The input:

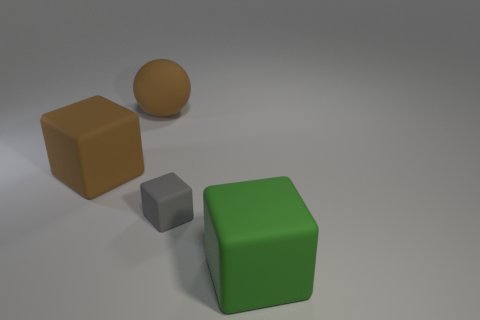Subtract all big green rubber cubes. How many cubes are left? 2 Subtract all red spheres. How many gray cubes are left? 1 Subtract all gray blocks. How many blocks are left? 2 Subtract 0 purple blocks. How many objects are left? 4 Subtract all blocks. How many objects are left? 1 Subtract 1 blocks. How many blocks are left? 2 Subtract all red blocks. Subtract all yellow cylinders. How many blocks are left? 3 Subtract all big brown rubber objects. Subtract all green things. How many objects are left? 1 Add 3 tiny gray cubes. How many tiny gray cubes are left? 4 Add 4 tiny yellow metal cubes. How many tiny yellow metal cubes exist? 4 
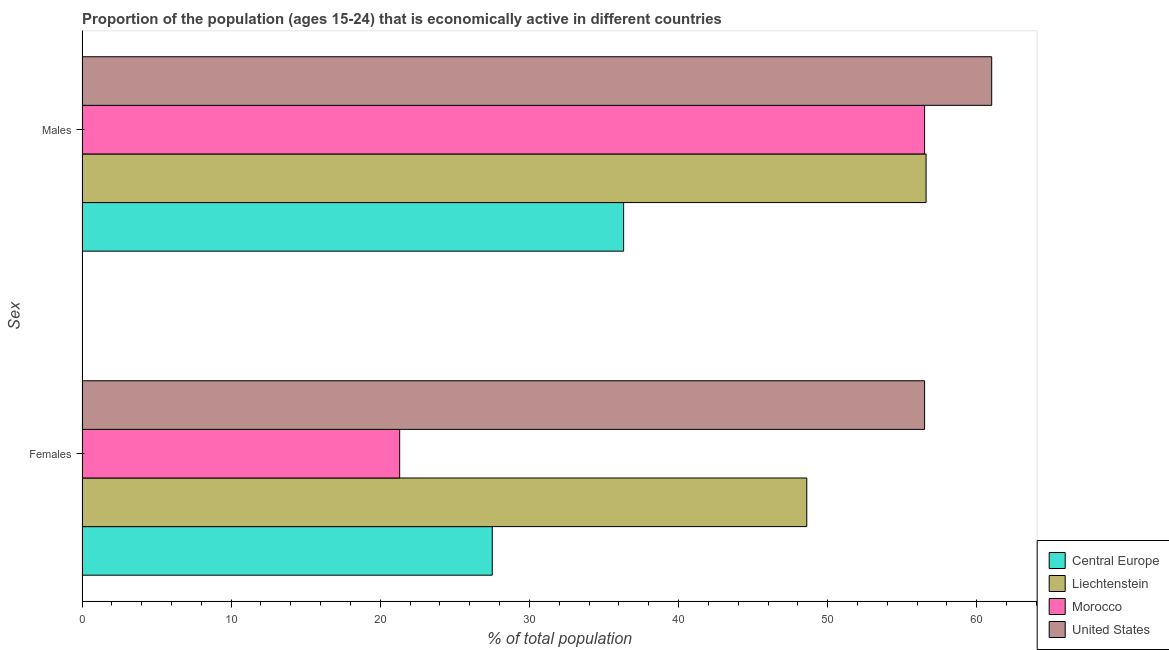How many different coloured bars are there?
Provide a short and direct response. 4. How many groups of bars are there?
Provide a succinct answer. 2. Are the number of bars per tick equal to the number of legend labels?
Provide a succinct answer. Yes. What is the label of the 2nd group of bars from the top?
Offer a very short reply. Females. What is the percentage of economically active male population in Liechtenstein?
Give a very brief answer. 56.6. Across all countries, what is the maximum percentage of economically active male population?
Provide a succinct answer. 61. Across all countries, what is the minimum percentage of economically active female population?
Offer a terse response. 21.3. In which country was the percentage of economically active female population maximum?
Give a very brief answer. United States. In which country was the percentage of economically active female population minimum?
Ensure brevity in your answer.  Morocco. What is the total percentage of economically active female population in the graph?
Provide a succinct answer. 153.91. What is the difference between the percentage of economically active female population in Liechtenstein and that in United States?
Offer a terse response. -7.9. What is the difference between the percentage of economically active female population in Morocco and the percentage of economically active male population in United States?
Provide a short and direct response. -39.7. What is the average percentage of economically active female population per country?
Make the answer very short. 38.48. What is the difference between the percentage of economically active male population and percentage of economically active female population in Liechtenstein?
Offer a terse response. 8. In how many countries, is the percentage of economically active female population greater than 14 %?
Ensure brevity in your answer.  4. What is the ratio of the percentage of economically active male population in United States to that in Liechtenstein?
Your answer should be very brief. 1.08. Is the percentage of economically active female population in Liechtenstein less than that in Central Europe?
Provide a succinct answer. No. In how many countries, is the percentage of economically active female population greater than the average percentage of economically active female population taken over all countries?
Give a very brief answer. 2. What does the 4th bar from the top in Females represents?
Ensure brevity in your answer.  Central Europe. What does the 3rd bar from the bottom in Males represents?
Keep it short and to the point. Morocco. What is the difference between two consecutive major ticks on the X-axis?
Keep it short and to the point. 10. Does the graph contain grids?
Make the answer very short. No. Where does the legend appear in the graph?
Give a very brief answer. Bottom right. What is the title of the graph?
Give a very brief answer. Proportion of the population (ages 15-24) that is economically active in different countries. Does "Nicaragua" appear as one of the legend labels in the graph?
Offer a terse response. No. What is the label or title of the X-axis?
Make the answer very short. % of total population. What is the label or title of the Y-axis?
Your response must be concise. Sex. What is the % of total population of Central Europe in Females?
Keep it short and to the point. 27.51. What is the % of total population of Liechtenstein in Females?
Ensure brevity in your answer.  48.6. What is the % of total population of Morocco in Females?
Your answer should be very brief. 21.3. What is the % of total population in United States in Females?
Your answer should be very brief. 56.5. What is the % of total population of Central Europe in Males?
Keep it short and to the point. 36.32. What is the % of total population in Liechtenstein in Males?
Keep it short and to the point. 56.6. What is the % of total population in Morocco in Males?
Keep it short and to the point. 56.5. Across all Sex, what is the maximum % of total population of Central Europe?
Offer a terse response. 36.32. Across all Sex, what is the maximum % of total population in Liechtenstein?
Your answer should be very brief. 56.6. Across all Sex, what is the maximum % of total population of Morocco?
Offer a terse response. 56.5. Across all Sex, what is the minimum % of total population in Central Europe?
Keep it short and to the point. 27.51. Across all Sex, what is the minimum % of total population in Liechtenstein?
Offer a very short reply. 48.6. Across all Sex, what is the minimum % of total population of Morocco?
Offer a very short reply. 21.3. Across all Sex, what is the minimum % of total population of United States?
Your answer should be compact. 56.5. What is the total % of total population in Central Europe in the graph?
Your answer should be very brief. 63.83. What is the total % of total population in Liechtenstein in the graph?
Your answer should be very brief. 105.2. What is the total % of total population in Morocco in the graph?
Provide a short and direct response. 77.8. What is the total % of total population in United States in the graph?
Your answer should be very brief. 117.5. What is the difference between the % of total population in Central Europe in Females and that in Males?
Provide a short and direct response. -8.81. What is the difference between the % of total population of Liechtenstein in Females and that in Males?
Ensure brevity in your answer.  -8. What is the difference between the % of total population in Morocco in Females and that in Males?
Offer a terse response. -35.2. What is the difference between the % of total population of United States in Females and that in Males?
Ensure brevity in your answer.  -4.5. What is the difference between the % of total population of Central Europe in Females and the % of total population of Liechtenstein in Males?
Provide a succinct answer. -29.09. What is the difference between the % of total population of Central Europe in Females and the % of total population of Morocco in Males?
Keep it short and to the point. -28.99. What is the difference between the % of total population of Central Europe in Females and the % of total population of United States in Males?
Provide a succinct answer. -33.49. What is the difference between the % of total population in Morocco in Females and the % of total population in United States in Males?
Provide a succinct answer. -39.7. What is the average % of total population in Central Europe per Sex?
Give a very brief answer. 31.91. What is the average % of total population of Liechtenstein per Sex?
Your answer should be very brief. 52.6. What is the average % of total population in Morocco per Sex?
Offer a terse response. 38.9. What is the average % of total population of United States per Sex?
Ensure brevity in your answer.  58.75. What is the difference between the % of total population in Central Europe and % of total population in Liechtenstein in Females?
Provide a short and direct response. -21.09. What is the difference between the % of total population of Central Europe and % of total population of Morocco in Females?
Your response must be concise. 6.21. What is the difference between the % of total population of Central Europe and % of total population of United States in Females?
Keep it short and to the point. -28.99. What is the difference between the % of total population of Liechtenstein and % of total population of Morocco in Females?
Provide a succinct answer. 27.3. What is the difference between the % of total population of Liechtenstein and % of total population of United States in Females?
Provide a succinct answer. -7.9. What is the difference between the % of total population in Morocco and % of total population in United States in Females?
Make the answer very short. -35.2. What is the difference between the % of total population in Central Europe and % of total population in Liechtenstein in Males?
Offer a very short reply. -20.28. What is the difference between the % of total population of Central Europe and % of total population of Morocco in Males?
Provide a short and direct response. -20.18. What is the difference between the % of total population of Central Europe and % of total population of United States in Males?
Make the answer very short. -24.68. What is the difference between the % of total population of Liechtenstein and % of total population of Morocco in Males?
Your response must be concise. 0.1. What is the difference between the % of total population of Liechtenstein and % of total population of United States in Males?
Provide a short and direct response. -4.4. What is the difference between the % of total population of Morocco and % of total population of United States in Males?
Ensure brevity in your answer.  -4.5. What is the ratio of the % of total population in Central Europe in Females to that in Males?
Provide a succinct answer. 0.76. What is the ratio of the % of total population of Liechtenstein in Females to that in Males?
Keep it short and to the point. 0.86. What is the ratio of the % of total population of Morocco in Females to that in Males?
Provide a short and direct response. 0.38. What is the ratio of the % of total population of United States in Females to that in Males?
Your answer should be very brief. 0.93. What is the difference between the highest and the second highest % of total population in Central Europe?
Keep it short and to the point. 8.81. What is the difference between the highest and the second highest % of total population of Liechtenstein?
Give a very brief answer. 8. What is the difference between the highest and the second highest % of total population of Morocco?
Ensure brevity in your answer.  35.2. What is the difference between the highest and the lowest % of total population in Central Europe?
Your response must be concise. 8.81. What is the difference between the highest and the lowest % of total population of Morocco?
Keep it short and to the point. 35.2.

What this task involves: As the answer, set down only the lines from the data above between the one holding "Give a very brief answer. Proportion" and the one holding "Offer a terse response. 36.32.", inclusive, exactly as they read.

Output of the exercise:
Give a very brief answer. Proportion of the population (ages 15-24) that is economically active in different countries. Does "Nicaragua" appear as one of the legend labels in the graph?
Offer a terse response. No. What is the label or title of the X-axis?
Make the answer very short. % of total population. What is the label or title of the Y-axis?
Your response must be concise. Sex. What is the % of total population of Central Europe in Females?
Keep it short and to the point. 27.51. What is the % of total population of Liechtenstein in Females?
Ensure brevity in your answer.  48.6. What is the % of total population of Morocco in Females?
Your answer should be very brief. 21.3. What is the % of total population in United States in Females?
Your answer should be very brief. 56.5. What is the % of total population of Central Europe in Males?
Keep it short and to the point. 36.32. What is the % of total population in Liechtenstein in Males?
Keep it short and to the point. 56.6. What is the % of total population in Morocco in Males?
Keep it short and to the point. 56.5. Across all Sex, what is the maximum % of total population of Central Europe?
Offer a terse response. 36.32. Across all Sex, what is the maximum % of total population in Liechtenstein?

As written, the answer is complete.